A good hunter kills two rabbits with one shot. Of course, it can be easily done since for any two points we can always draw a line containing the both. But killing three or more rabbits in one shot is much more difficult task. To be the best hunter in the world one should be able to kill the maximal possible number of rabbits. Assume that rabbit is a point on the plane with integer x and y coordinates. Having a set of rabbits you are to find the largest number of rabbits that can be killed with single shot, i.e. maximum number of points lying exactly on the same line. No two rabbits sit at one point.

Input

An input contains an integer N (3 ≤  N ≤ 200) specifying the number of rabbits. Each of the next N lines in the input contains the x coordinate and the y coordinate (in this order) separated by a space (−2000 ≤  x,  y ≤ 2000).

Output

The output contains the maximal number of rabbits situated in one line.

Sample Input

6                           5
7 122
8 139
9 156
10 173
11 190
-100 1

题意+思路：在一个坐标格中，从给出的每个坐标点出发，与给出的其他点分别连成直线。题中说每一枪打到最多的兔子，就是找到一条直线，该条直线上含的坐标点最多，就相当于找连线斜率相同次数最多的相同次数。

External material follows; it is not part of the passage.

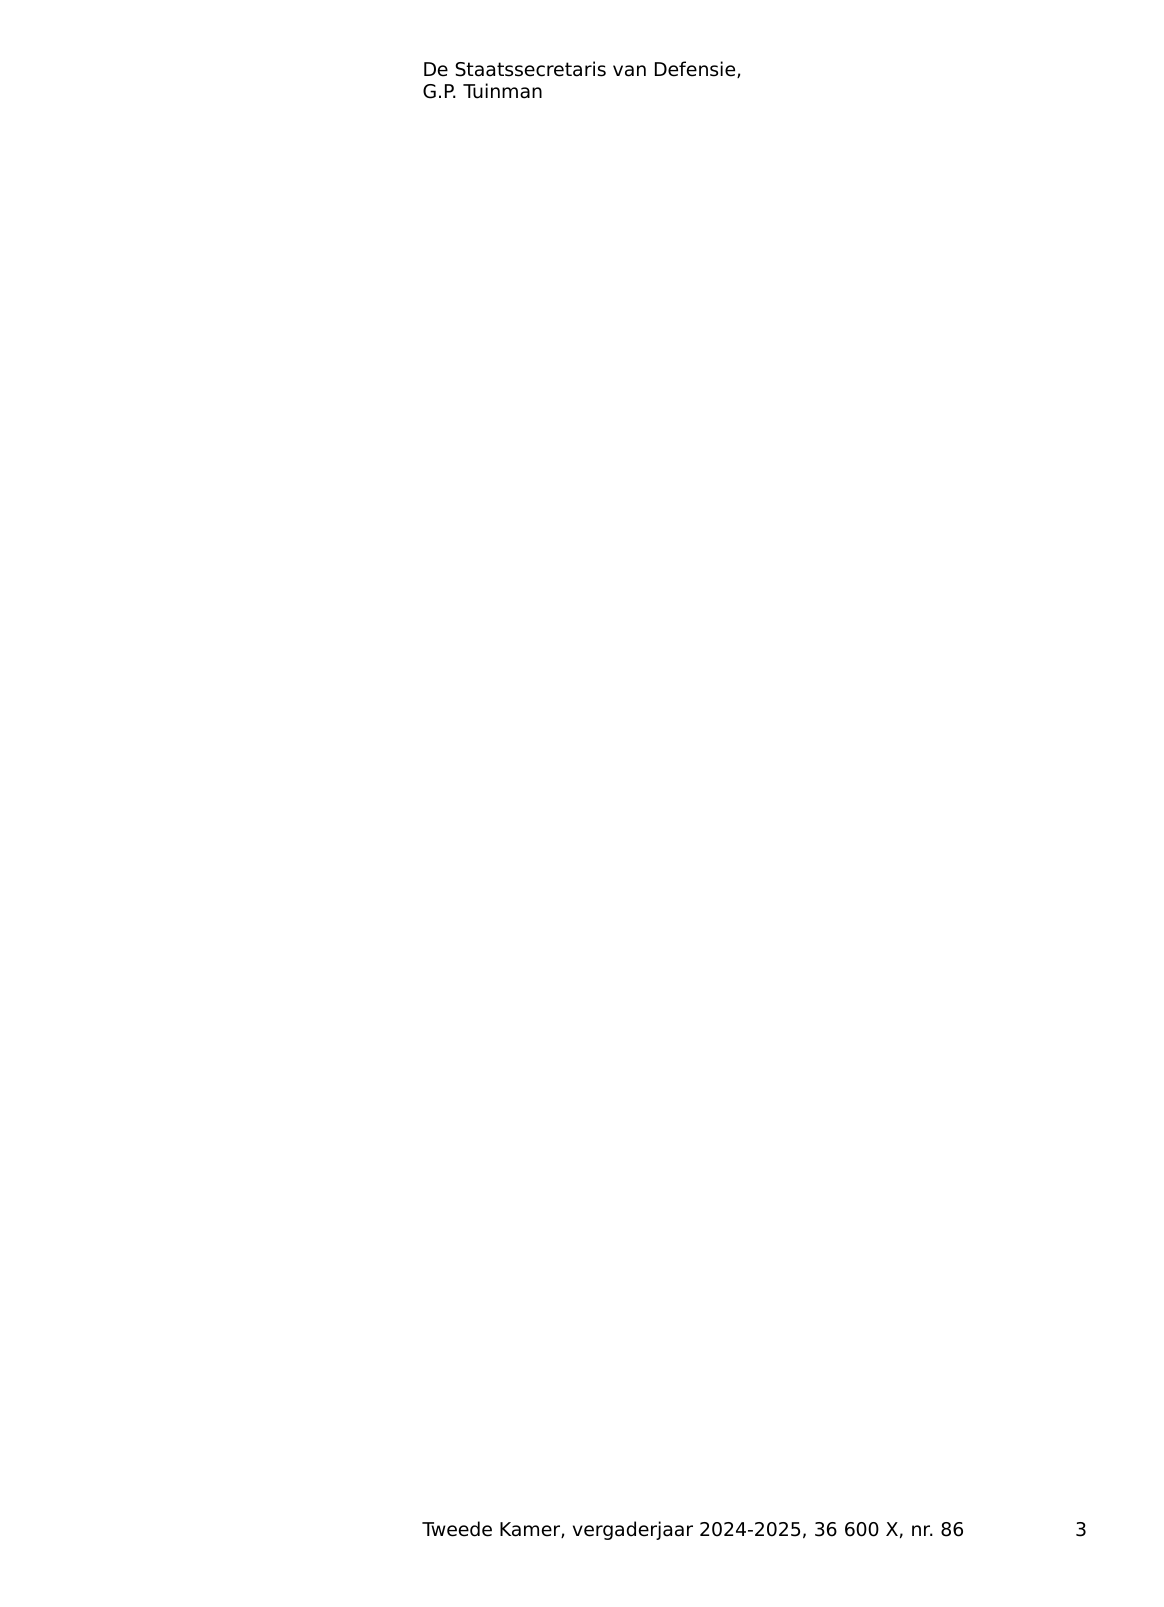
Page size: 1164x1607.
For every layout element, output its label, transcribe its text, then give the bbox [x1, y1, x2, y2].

text De Staatssecretaris van Defensie, G.P. Tuinman [422, 59, 1087, 103]
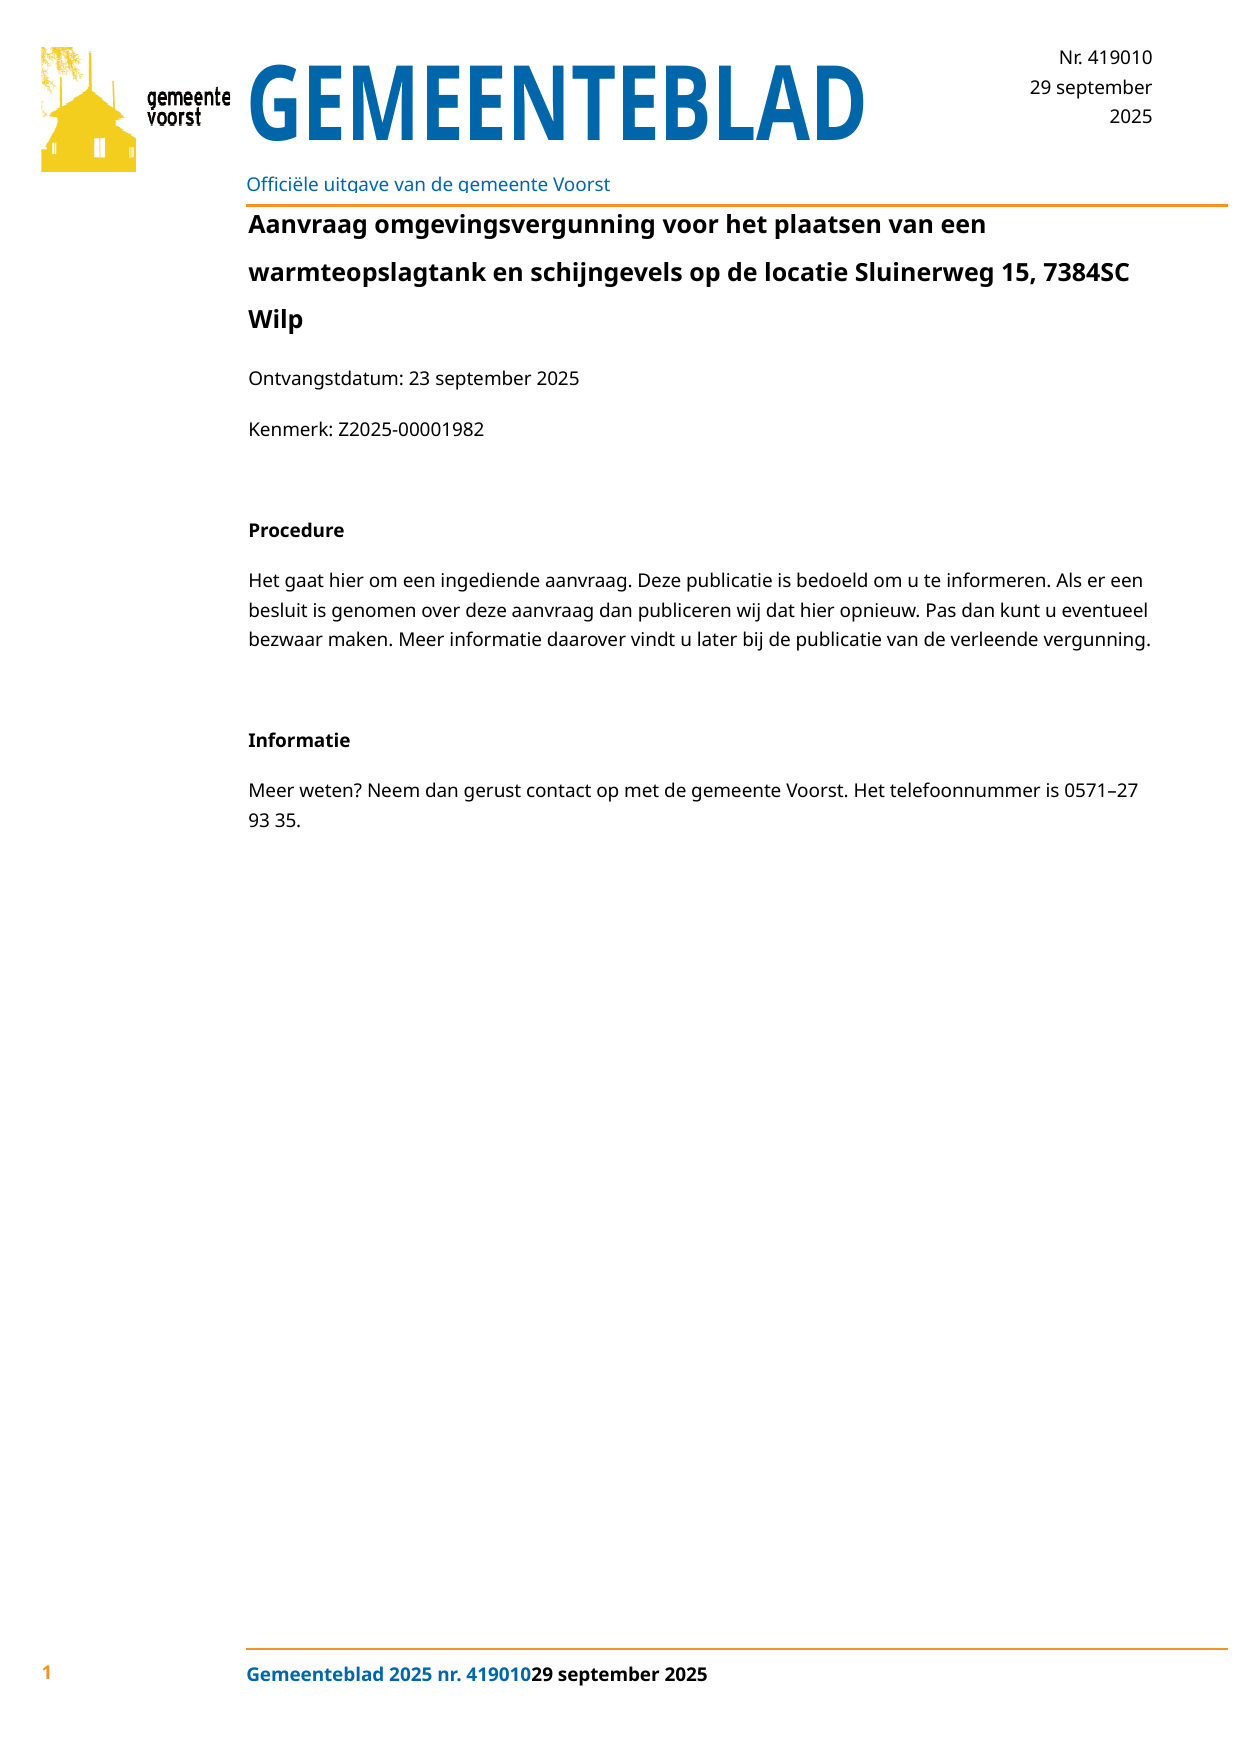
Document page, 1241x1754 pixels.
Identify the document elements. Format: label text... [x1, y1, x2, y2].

注意：从一个点出发，最后次数加这个点的兔子才是在这条直线上兔子的总数。

#include<iostream>
#include<cstdio>
#include<cstring>
#include<algorithm>
#include<cmath>
#include<map>
using namespace std;

const int maxn=505;
double a[maxn];

struct point
{
	double x,y;
}arr[maxn];

int main()
{
	int n;
	cin>>n;
	int k,max;
	for(int i=0;i<n;i++)
	{
		cin>>arr[i].x>>arr[i].y;
	}
	max=-1;
	for(int i=0;i<n;i++)
	{
		k=0;
		map<double,int>mp;
		for(int j=i+1;j<n;j++)
		{
			a[k]=(arr[i].y-arr[j].y)/(arr[i].x-arr[j].x);
			mp[a[k]]++;
			k++;
		}
		map<double,int>::iterator p1;
		for(p1=mp.begin();p1!=mp.end();p1++)
		{
			if(p1->second>max) max=p1->second;
		}
	}
	printf("%d\n",max+1);
	return 0;
}